This weekend I am blogging in Paris where I spoke at the “Multilingualism – Migration, Territories, Europe” conference, organized by the Eurozine network of European cultural magazines. It is in fact the 21st European Meeting of Cultural Journals, a 25 years old network run by a ten years old organization, Eurozine, that organizes content exchange for both print and online. Translation is a crucial in such circles, but that was not the primary topic this time. The issue on the agenda was multilingualism(s).

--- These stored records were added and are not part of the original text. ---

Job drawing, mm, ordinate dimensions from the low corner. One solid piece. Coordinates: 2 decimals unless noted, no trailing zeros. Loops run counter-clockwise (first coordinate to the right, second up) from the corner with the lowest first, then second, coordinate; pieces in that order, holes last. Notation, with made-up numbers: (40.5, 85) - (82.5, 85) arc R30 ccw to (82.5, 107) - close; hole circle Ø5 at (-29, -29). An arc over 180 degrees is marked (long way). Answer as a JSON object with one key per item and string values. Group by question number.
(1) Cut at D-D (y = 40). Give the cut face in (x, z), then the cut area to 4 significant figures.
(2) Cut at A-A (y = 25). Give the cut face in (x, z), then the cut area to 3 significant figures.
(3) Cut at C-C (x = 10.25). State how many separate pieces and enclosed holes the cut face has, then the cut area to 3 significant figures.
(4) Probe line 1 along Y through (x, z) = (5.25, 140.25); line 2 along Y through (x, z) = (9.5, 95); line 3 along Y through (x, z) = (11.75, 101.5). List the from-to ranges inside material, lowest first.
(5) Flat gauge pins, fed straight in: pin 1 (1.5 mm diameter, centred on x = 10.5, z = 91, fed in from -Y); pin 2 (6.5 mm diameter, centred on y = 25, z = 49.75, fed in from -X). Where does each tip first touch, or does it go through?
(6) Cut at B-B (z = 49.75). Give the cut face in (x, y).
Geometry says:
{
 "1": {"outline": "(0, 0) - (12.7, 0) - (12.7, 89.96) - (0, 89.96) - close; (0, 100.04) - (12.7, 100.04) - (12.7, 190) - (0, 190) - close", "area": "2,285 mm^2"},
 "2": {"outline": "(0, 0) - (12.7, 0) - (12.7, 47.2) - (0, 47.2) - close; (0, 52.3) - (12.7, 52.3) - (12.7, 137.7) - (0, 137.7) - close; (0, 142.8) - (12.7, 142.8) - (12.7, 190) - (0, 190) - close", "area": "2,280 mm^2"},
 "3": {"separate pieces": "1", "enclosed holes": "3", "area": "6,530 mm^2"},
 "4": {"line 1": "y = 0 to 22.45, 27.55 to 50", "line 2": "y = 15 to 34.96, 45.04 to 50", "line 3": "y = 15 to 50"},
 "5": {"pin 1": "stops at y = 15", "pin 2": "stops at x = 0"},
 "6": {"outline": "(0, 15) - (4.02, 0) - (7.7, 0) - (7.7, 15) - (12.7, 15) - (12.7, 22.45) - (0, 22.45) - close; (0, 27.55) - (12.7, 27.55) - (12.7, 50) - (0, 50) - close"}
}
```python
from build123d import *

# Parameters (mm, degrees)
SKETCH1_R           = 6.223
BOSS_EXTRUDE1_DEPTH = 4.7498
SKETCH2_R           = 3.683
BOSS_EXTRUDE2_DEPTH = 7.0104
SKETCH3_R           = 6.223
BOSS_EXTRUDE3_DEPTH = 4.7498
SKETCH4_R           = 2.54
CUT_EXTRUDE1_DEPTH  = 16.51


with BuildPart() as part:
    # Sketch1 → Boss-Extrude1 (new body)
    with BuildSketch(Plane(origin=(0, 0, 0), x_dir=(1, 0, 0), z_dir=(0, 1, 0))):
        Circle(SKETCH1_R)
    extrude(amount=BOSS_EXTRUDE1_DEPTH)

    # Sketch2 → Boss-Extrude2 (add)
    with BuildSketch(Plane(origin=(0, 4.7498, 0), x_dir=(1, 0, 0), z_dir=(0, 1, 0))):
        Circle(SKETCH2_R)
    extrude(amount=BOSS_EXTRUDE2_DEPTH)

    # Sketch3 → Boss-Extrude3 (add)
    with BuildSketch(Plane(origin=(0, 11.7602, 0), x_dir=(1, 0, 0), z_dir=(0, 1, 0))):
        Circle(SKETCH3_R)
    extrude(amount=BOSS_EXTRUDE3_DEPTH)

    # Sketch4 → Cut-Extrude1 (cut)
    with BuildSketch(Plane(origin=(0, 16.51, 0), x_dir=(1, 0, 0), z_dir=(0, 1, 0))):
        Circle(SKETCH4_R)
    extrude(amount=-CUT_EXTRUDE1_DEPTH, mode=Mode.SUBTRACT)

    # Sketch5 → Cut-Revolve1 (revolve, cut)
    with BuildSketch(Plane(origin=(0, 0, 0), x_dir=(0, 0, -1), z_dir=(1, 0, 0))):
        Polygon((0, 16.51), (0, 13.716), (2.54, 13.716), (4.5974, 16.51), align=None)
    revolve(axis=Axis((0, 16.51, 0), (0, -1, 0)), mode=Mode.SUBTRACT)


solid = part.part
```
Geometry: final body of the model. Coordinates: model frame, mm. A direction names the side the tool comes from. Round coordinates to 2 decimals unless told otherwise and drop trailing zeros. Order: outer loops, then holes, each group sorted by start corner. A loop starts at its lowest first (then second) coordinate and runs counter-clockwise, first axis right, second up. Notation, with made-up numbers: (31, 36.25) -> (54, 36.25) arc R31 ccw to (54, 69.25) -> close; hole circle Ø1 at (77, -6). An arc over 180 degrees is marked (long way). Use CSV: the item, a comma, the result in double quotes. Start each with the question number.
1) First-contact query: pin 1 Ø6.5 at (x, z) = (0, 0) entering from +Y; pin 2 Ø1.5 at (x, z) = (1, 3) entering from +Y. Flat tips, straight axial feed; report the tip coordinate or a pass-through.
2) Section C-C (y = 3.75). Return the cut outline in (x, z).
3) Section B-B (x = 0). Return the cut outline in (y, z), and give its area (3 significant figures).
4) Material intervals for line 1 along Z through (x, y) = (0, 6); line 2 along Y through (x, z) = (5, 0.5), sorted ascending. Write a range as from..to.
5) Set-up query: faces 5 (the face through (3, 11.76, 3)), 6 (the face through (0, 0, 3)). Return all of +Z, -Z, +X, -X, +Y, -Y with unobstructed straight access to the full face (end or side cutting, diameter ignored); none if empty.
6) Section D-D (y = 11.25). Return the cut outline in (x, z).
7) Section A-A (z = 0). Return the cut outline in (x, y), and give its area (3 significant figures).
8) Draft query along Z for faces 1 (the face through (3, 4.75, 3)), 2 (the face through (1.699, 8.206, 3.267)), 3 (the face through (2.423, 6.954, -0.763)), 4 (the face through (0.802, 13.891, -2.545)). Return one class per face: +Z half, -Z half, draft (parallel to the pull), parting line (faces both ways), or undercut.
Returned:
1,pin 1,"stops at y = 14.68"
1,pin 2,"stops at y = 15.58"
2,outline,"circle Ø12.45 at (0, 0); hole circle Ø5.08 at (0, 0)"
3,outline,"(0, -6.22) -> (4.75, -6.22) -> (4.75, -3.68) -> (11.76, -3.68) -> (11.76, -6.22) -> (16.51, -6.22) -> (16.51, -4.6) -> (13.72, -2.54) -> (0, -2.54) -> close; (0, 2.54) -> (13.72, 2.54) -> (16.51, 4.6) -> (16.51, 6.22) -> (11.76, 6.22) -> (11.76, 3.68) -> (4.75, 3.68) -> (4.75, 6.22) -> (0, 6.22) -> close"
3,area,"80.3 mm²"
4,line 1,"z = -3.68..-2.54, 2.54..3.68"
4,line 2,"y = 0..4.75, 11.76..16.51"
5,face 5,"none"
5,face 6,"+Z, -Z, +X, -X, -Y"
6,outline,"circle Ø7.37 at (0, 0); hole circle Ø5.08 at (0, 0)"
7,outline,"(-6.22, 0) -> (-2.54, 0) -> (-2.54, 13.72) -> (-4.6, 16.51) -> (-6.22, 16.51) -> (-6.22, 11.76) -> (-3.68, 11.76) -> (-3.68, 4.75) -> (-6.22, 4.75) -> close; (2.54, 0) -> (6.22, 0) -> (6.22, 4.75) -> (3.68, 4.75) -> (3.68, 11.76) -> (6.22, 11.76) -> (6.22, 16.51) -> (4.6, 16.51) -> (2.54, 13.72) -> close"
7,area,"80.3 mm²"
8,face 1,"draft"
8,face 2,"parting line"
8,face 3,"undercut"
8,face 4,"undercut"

Abraham de Swaan from Amsterdam somehow did not show up. The day was opened by the antropologist of ancient civilizations, Prof. Clarisse Herrenschmidt, who in 2007 published a book on language, number and code. This is not an academic detail as ‘multilingualism’ is often associated with Babel. For her the tower of Babel represents the unity of all languages. For us, the mother language is the unity of languages. From there we go out to learn other languages. For Herrenschmidt the dream of one language is a fantasy. The use of a global language (in our age English) is that we limit our thoughts. Something is lost, in particular when we write. The capability to express ourselves is being limited.
The next speaker was Prof. Ruth Wodak from Vienna, now at Lancaster University in the UK where she studies multilingualism on the level of the European Union. She is part of the 6th framework program called DYLAN. What is the cost of monolingualism in terms of misunderstanding? Ruth’s thesis is that multilingualism saves money. It is not expensive because it saves us from numerous conflicts and creates the basis of dialogue. Critical discourse analysis. Not that anything for granted is what her discourse analysis is all about, not just ‘negativism’. According to Timothy Garton Ash the problem of Europe is not treaty squabbles but language: “Europe’s problem is not Brussels but Babel.” According to Wodak the problem is not the tower of Babel with its open, unfinished character but the Fortress of Europe image. What fails is the democracy deficit. Anyone who read the draft of the European Constitution can see that the 200 pages is a genre failure. It is not a constitution. The identities and borders are fluid and shifting anyway. Remember when talking about ELF (English as Lingua France) that only half the population of Europe does not speak English. Only 13% have English as their mother language. In the knowlegde-based economy multilingualism. She continued to tell about the Xenophob Project and pointed at the fact that this European Commission even has its own member for multilingualism, Leonard Orban from Romania.
In my contribution I emphasized the rapid changes in used languages on the Internet and the rise of so-called national webs that are often based on national languages. A possible way out of this dangerous development of creating new enclosures would be not to promote global English as a mediator but hybridization, a creole development of interface cultures that brings together languages on one screen. At some point I will post my text here.
Then Gérard Wormser of Sens Public and one of the organizers of the event, spoke about the proposal to mingle literacy we all share in network cultures. Scientific committees are not always the right format – but there still is a need for governance. Do we follow a public trend? Experimental publishing has to do deal with impossibility of translation (see the Cross x Words (mots croises) project, a website that was launched during this event).
The challenge of culture is how to deal with the non-profit character of the work and the need to survive in a market economy. The human factor is so important. This is what the Sens Public project has brought up. Cultural empowerment is what happens here, from organizing workshops, conferences, publications. The willingness to do (stuff) is at the centre of our concern. However, we have to keep in mind that not everything can be translation. Translation is based on admiration. The dialogues are based on real conversations, which then get translated, and stored, in digital, networked artifacts like texts and reviews.
The Aristotle scholar Barbara Cassin is the author of a work on un-translatable philosophical terms and a more popular book called Google-Moi (an article from Le Nouvel Observateur in English can be found here). Cassin neither supports Globish (Global English) nor a hierarchy of language as Martin Heidegger once proposed (Greek, then German, etc.). She described the experience she made with the Google automated translation software that always goes through English if one asks to translate language A to B. According to Derrida there is an untranslatable body of language. The Anglo-Saxon are wrong. We do not talk in concepts, we talk in languages.